A separate Wall Street Journal article has reported that exporters in China are facing shipping challenges due to the global delays at congested ports.

According to the article, "[m]ajor U.S. ports imported 2.21 million 20-foot containers in October [2020], up 17.6% from a year earlier and setting a record since the National Retail Federation began tracking imports in 2002." Delays have reportedly increased shipping round-trips from China to the U.S. from the typical 60 days to about 100 days.

In reaction, prices have also reportedly increased. For example, per the article, one textile manufacturer explained that shipping a single 40-foot container from China to the port of Charleston, South Carolina increased from $2,700 in April 2020 to about $7,500 in December 2020. The article also mentioned a toy distributor in China was told to temporarily stop shipping to clients because the shipping costs were too high, reducing profits.

Notably, there appears to be some difficulty in addressing the shortage of container availability caused by the congested ports. The Journal explained that China builds over 95% of all containers and even the world's market leader in container manufacturing based in China recently "told investors in November [2020] that its factories are fully booked until the end of March [2021]."

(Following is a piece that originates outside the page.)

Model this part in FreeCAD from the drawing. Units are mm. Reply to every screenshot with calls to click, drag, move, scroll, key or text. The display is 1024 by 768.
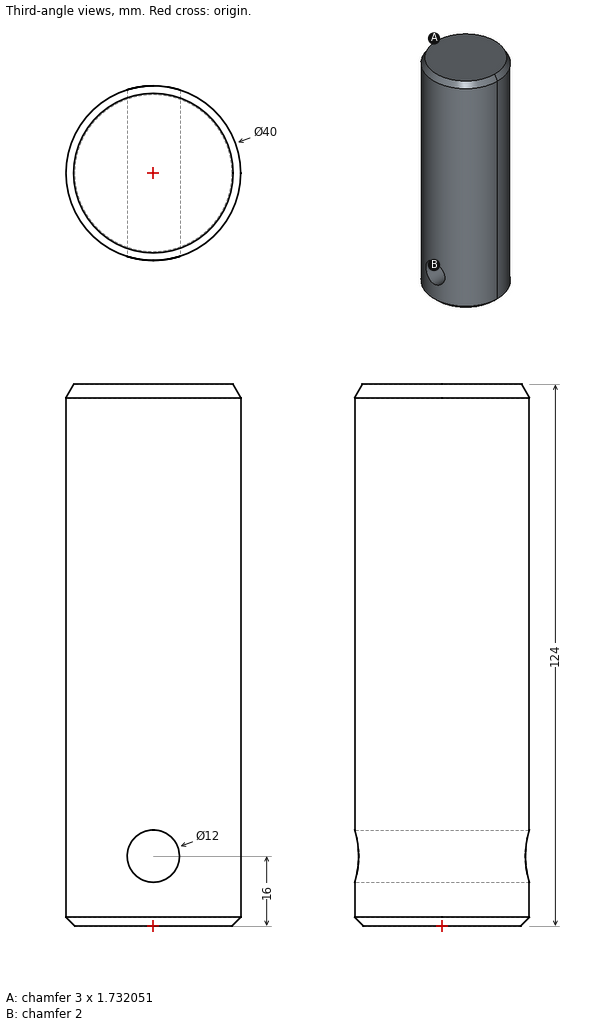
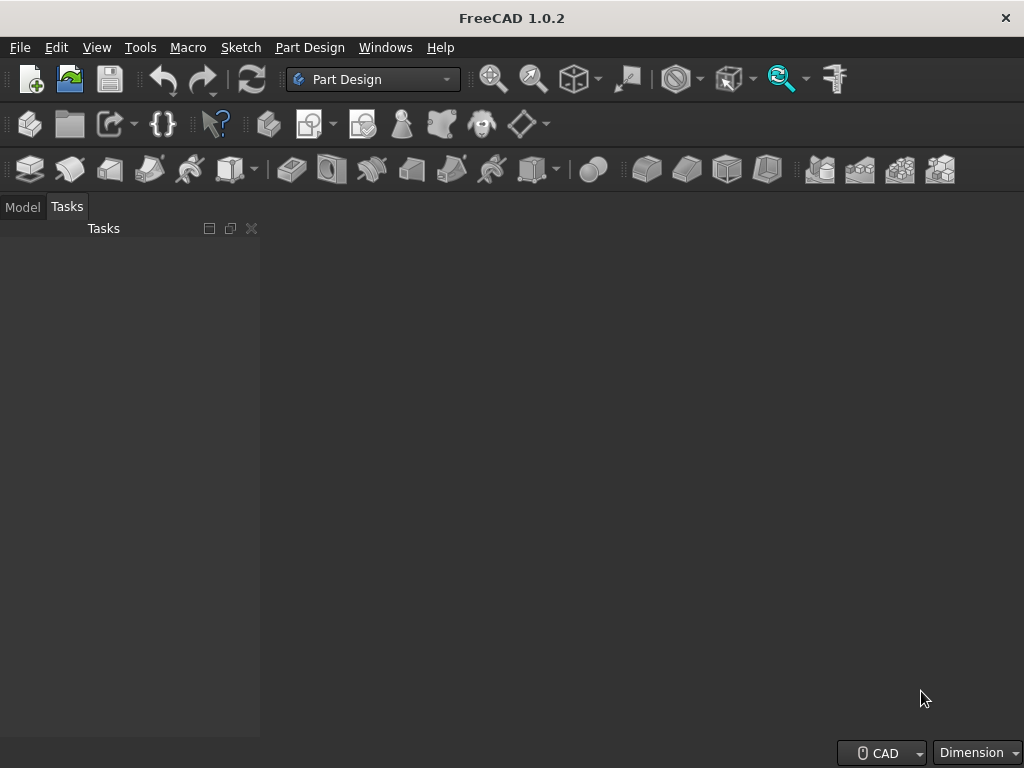
click(30, 80)
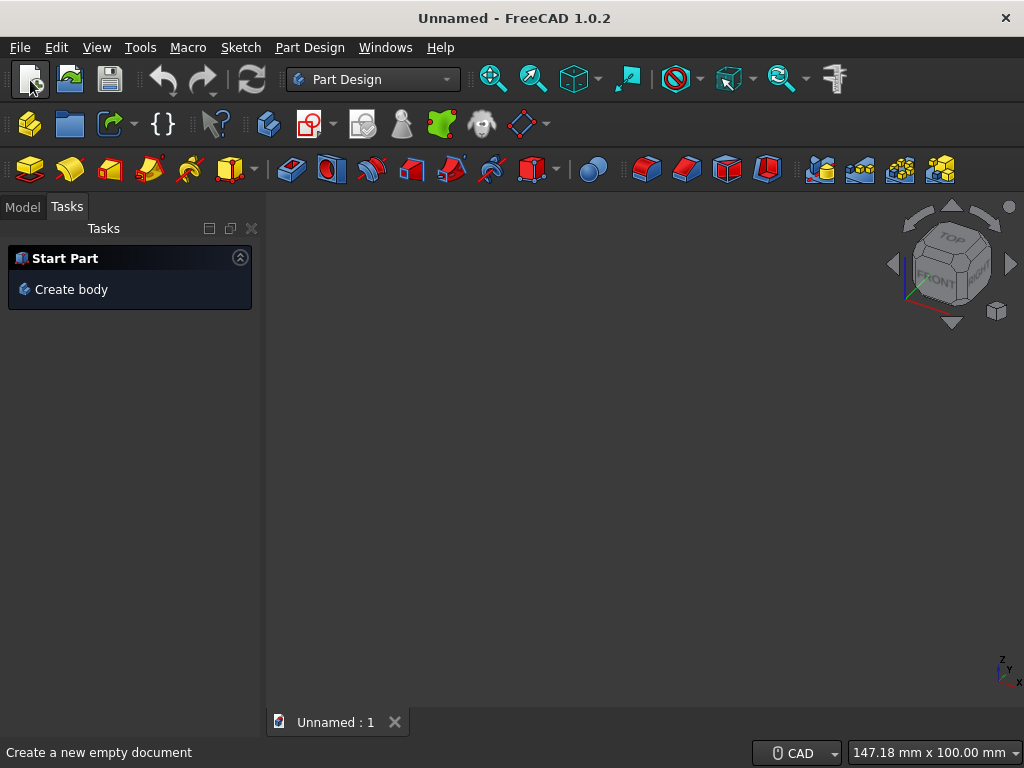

Of interest, companies that normally ship via air cargo apparently have also been experiencing the effects of the container shipping delays. For example, The Journal explained that one e-cigarette producer in China that normally ships its products by air, suddenly faced competition for shipping service with companies that switched to air shipping to avoid the container delays; that competition naturally pushed air shipping rates up. As such, per the article, the air shipping rates increased in December 2020 by 30% compared to the same time in 2019, causing logistics costs for the e-cigarette company to grow from about 1 to 2 % to about 5% of overall costs. Since demand for vaping products reportedly continues to be high during the pandemic as people remain indoors, the e-cigarette producer is reportedly considering ways to make its products in regions closer to its customers, such as in South East Asia and Canada where e-cigarette markets are growing.